Meanwhile, the regime's detention program - a squalid prison system where, according to the UN report, torture and summary executions are deliberate and commonplace - is ongoing.
"Assad all along pursued a strategy of gradual escalation and desensitization that, sadly, worked well," Hokayem wrote in a February 5 article for Foreign Policy.
US Secretary of State John Kerry accused Assad and his allies last month of being the "primary source of death, torture and deprivation" in the conflict, which has killed more than 300,000 people since it erupted in March 2011.
But the Obama administration has been steadily softening its stance on Assad's removal for years - a policy shift that culminated in December when Kerry said the US is "not looking for so-called regime change" in Syria.
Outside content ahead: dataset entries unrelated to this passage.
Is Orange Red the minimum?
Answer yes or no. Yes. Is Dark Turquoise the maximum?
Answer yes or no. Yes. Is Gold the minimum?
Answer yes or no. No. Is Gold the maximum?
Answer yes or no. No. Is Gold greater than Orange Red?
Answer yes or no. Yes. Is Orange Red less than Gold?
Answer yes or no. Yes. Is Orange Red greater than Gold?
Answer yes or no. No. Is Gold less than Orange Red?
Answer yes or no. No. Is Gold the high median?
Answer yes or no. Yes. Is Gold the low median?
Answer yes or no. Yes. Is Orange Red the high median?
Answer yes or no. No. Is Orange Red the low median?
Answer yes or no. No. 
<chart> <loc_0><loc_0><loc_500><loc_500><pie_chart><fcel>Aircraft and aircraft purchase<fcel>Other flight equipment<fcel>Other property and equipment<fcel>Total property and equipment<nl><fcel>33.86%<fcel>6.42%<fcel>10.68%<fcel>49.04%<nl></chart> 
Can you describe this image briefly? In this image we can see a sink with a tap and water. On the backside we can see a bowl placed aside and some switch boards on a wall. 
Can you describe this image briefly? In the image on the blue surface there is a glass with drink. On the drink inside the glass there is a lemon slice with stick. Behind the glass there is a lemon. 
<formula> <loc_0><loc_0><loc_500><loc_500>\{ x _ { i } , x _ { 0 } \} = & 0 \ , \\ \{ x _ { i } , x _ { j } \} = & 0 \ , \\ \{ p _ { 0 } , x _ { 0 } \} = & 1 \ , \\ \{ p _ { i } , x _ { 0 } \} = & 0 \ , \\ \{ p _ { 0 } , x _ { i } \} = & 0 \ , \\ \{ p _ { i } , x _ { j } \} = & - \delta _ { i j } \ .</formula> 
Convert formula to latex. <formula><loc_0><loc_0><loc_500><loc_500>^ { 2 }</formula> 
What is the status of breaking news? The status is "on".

As such, Russia and Iran - two of Assad's biggest allies - are backing into a corner the remaining supporters of the Syrian revolution.And they are doing so, experts say, with the knowledge that the US has prioritized the fight against ISIS - and, as such, won't take any meaningful action to bolster rebel groups fighting Assad.
"Washington has given Moscow a huge political gift in not holding Russia accountable for its pattern of targeting moderate rebel groups and their leaders instead of ISIS," Tony Badran, a research fellow at the Foundation for Defense of Democracies, told Business Insider in December.
"And Moscow," he added, "is going to leverage it."